MURRAY, JA; U Central Arkansas: Advances in the neural bases of orientation & navigation

The ability to locomote in one direction, and the ability to navigate toward a distant goal are related behaviors that are phylogenetically widespread. Orientation includes finding the source of a signal, or movement relative to directional cues. Such abilities may require little more than directionally-selective sensors coupled to turning mechanims, so this behavior can be implemented by relatively-simple circuits. Navigation involves both the ability to detect direction, as well as a map-sense that provides position. Navigation is less-common and arguably requires greater brain computation than simple orientation, but may be present in arthropods as well as in vertebrates.
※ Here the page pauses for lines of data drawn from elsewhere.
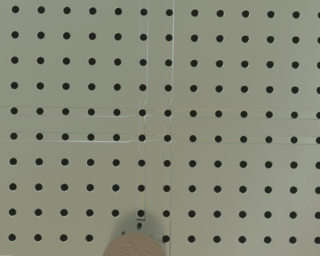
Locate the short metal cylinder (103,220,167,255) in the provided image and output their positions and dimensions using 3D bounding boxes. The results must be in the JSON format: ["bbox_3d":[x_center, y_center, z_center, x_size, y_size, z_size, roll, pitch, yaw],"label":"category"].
[{"bbox_3d":[-0.031,0.167,0.401,0.081,0.050,0.079,0,90,-1],"label":"short metal cylinder"}]
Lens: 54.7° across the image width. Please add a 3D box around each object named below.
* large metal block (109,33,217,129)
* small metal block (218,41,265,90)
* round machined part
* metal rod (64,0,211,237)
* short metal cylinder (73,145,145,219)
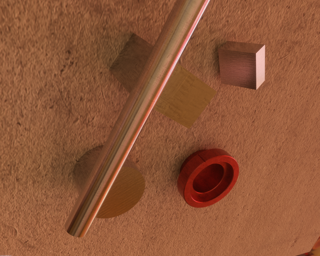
[{"bbox_3d":[0.001,-0.052,0.341,0.080,0.080,0.050,27,103,-38],"label":"large metal block"},{"bbox_3d":[0.105,-0.081,0.396,0.025,0.050,0.050,-43,136,-34],"label":"small metal block"},{"bbox_3d":[0.070,0.072,0.481,0.099,0.042,0.097,-14,125,-21],"label":"round machined part"},{"bbox_3d":[-0.018,-0.022,0.281,0.025,0.025,0.298,17,110,-35],"label":"metal rod"},{"bbox_3d":[-0.066,0.068,0.398,0.081,0.050,0.079,-14,125,-21],"label":"short metal cylinder"}]
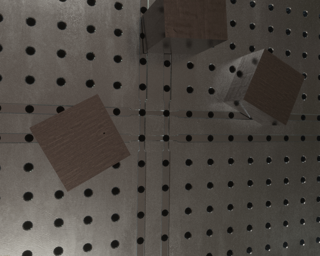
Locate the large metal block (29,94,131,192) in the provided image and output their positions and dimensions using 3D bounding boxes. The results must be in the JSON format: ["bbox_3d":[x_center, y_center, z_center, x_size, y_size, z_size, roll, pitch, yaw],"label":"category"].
[{"bbox_3d":[-0.094,0.015,0.365,0.080,0.050,0.080,-30,100,-18],"label":"large metal block"}]

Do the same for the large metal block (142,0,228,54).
[{"bbox_3d":[0.028,-0.128,0.395,0.081,0.080,0.050,-4,92,-20],"label":"large metal block"}]

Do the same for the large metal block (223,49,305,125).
[{"bbox_3d":[0.154,-0.057,0.458,0.080,0.050,0.080,27,81,-18],"label":"large metal block"}]
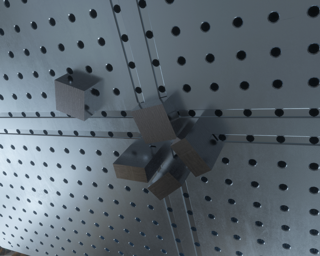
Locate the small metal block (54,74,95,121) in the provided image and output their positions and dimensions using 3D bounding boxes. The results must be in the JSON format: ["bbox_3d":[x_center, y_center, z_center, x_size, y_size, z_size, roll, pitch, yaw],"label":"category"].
[{"bbox_3d":[-0.123,-0.044,0.450,0.050,0.025,0.050,21,126,15],"label":"small metal block"}]

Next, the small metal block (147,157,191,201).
[{"bbox_3d":[0.016,0.066,0.428,0.025,0.050,0.050,45,129,-3],"label":"small metal block"}]

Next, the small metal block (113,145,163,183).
[{"bbox_3d":[-0.030,0.050,0.442,0.050,0.050,0.025,4,120,26],"label":"small metal block"}]

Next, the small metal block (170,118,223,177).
[{"bbox_3d":[0.047,0.024,0.386,0.025,0.050,0.050,-33,100,38],"label":"small metal block"}]

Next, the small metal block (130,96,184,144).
[{"bbox_3d":[-0.003,-0.010,0.407,0.050,0.025,0.050,-11,113,33],"label":"small metal block"}]
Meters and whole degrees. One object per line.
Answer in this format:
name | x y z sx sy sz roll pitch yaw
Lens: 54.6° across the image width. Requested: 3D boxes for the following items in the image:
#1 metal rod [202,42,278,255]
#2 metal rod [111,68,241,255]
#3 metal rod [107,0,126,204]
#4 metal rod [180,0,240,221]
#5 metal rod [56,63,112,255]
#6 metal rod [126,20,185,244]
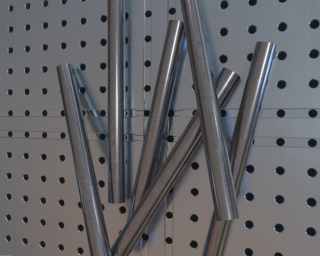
metal rod | 0.093 0.046 0.379 0.025 0.025 0.298 15 95 19
metal rod | 0.010 0.059 0.392 0.025 0.025 0.299 33 94 17
metal rod | -0.061 -0.046 0.434 0.025 0.025 0.298 0 90 20
metal rod | 0.053 -0.047 0.365 0.025 0.025 0.299 -13 75 19
metal rod | -0.104 0.047 0.419 0.025 0.025 0.299 -22 71 19
metal rod | -0.007 0.009 0.415 0.025 0.025 0.298 14 95 19
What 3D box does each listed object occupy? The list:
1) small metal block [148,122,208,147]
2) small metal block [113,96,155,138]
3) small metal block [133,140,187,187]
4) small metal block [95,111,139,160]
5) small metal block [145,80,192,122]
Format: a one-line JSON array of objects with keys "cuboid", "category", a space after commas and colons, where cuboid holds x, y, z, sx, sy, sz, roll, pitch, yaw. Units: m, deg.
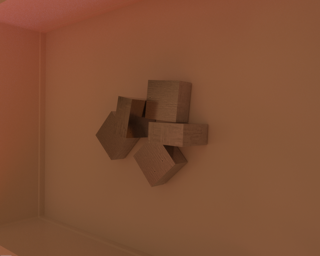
[{"cuboid": [0.022, 0.007, 0.368, 0.050, 0.050, 0.025, 4, 93, 39], "category": "small metal block"}, {"cuboid": [-0.032, -0.014, 0.412, 0.025, 0.050, 0.050, 16, 100, 38], "category": "small metal block"}, {"cuboid": [-0.001, 0.040, 0.403, 0.050, 0.025, 0.050, -48, 62, 29], "category": "small metal block"}, {"cuboid": [-0.062, 0.011, 0.453, 0.050, 0.025, 0.050, -52, 60, 27], "category": "small metal block"}, {"cuboid": [0.010, -0.035, 0.394, 0.050, 0.025, 0.050, 8, 95, 39], "category": "small metal block"}]
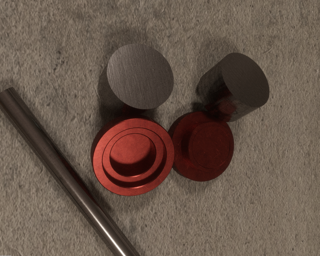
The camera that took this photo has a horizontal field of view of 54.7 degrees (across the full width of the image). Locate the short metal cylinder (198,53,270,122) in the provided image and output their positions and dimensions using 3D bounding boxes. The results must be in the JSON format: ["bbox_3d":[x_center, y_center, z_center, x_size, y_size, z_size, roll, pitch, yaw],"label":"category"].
[{"bbox_3d":[0.100,-0.054,0.419,0.081,0.050,0.080,13,63,-26],"label":"short metal cylinder"}]

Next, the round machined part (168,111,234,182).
[{"bbox_3d":[0.060,0.025,0.424,0.099,0.042,0.097,0,90,-21],"label":"round machined part"}]

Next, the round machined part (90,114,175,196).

Great progress has been made in exploring the biophysical and sensory bases for these behaviors, and in recent years the locations and the identity of the cellular transducers of the sensory stimuli (e.g. geomagnetic fields) have been narrowed in some taxa. The sea slug Tritonia orients its crawling to chemical, hydrodynamic, and geomagnetic cues. Its brain has ~7,000 relatively-large neurons that facilitate circuit analysis. Recent work has characterized both peripheral and central neural correlates of orientation signals, as well as the control of thrust and turning, and studies of their field behavior have suggested how these disparate orientation systems may be integrated. Direction-selective and position-responsive brain cells have been located in the brains of mammals and birds, and these cells may contribute to a cognitive map that can enable navigation. Navigation strategies inspired from organisms have been implemented in autonomous robots, and programming a strategy into a computer may be analogous to the evolutionary trade-offs between robustly simple neural circuits and more complex neural systems that are more physiologically expensive. The synergy between robotic models and physiology has advanced both fields.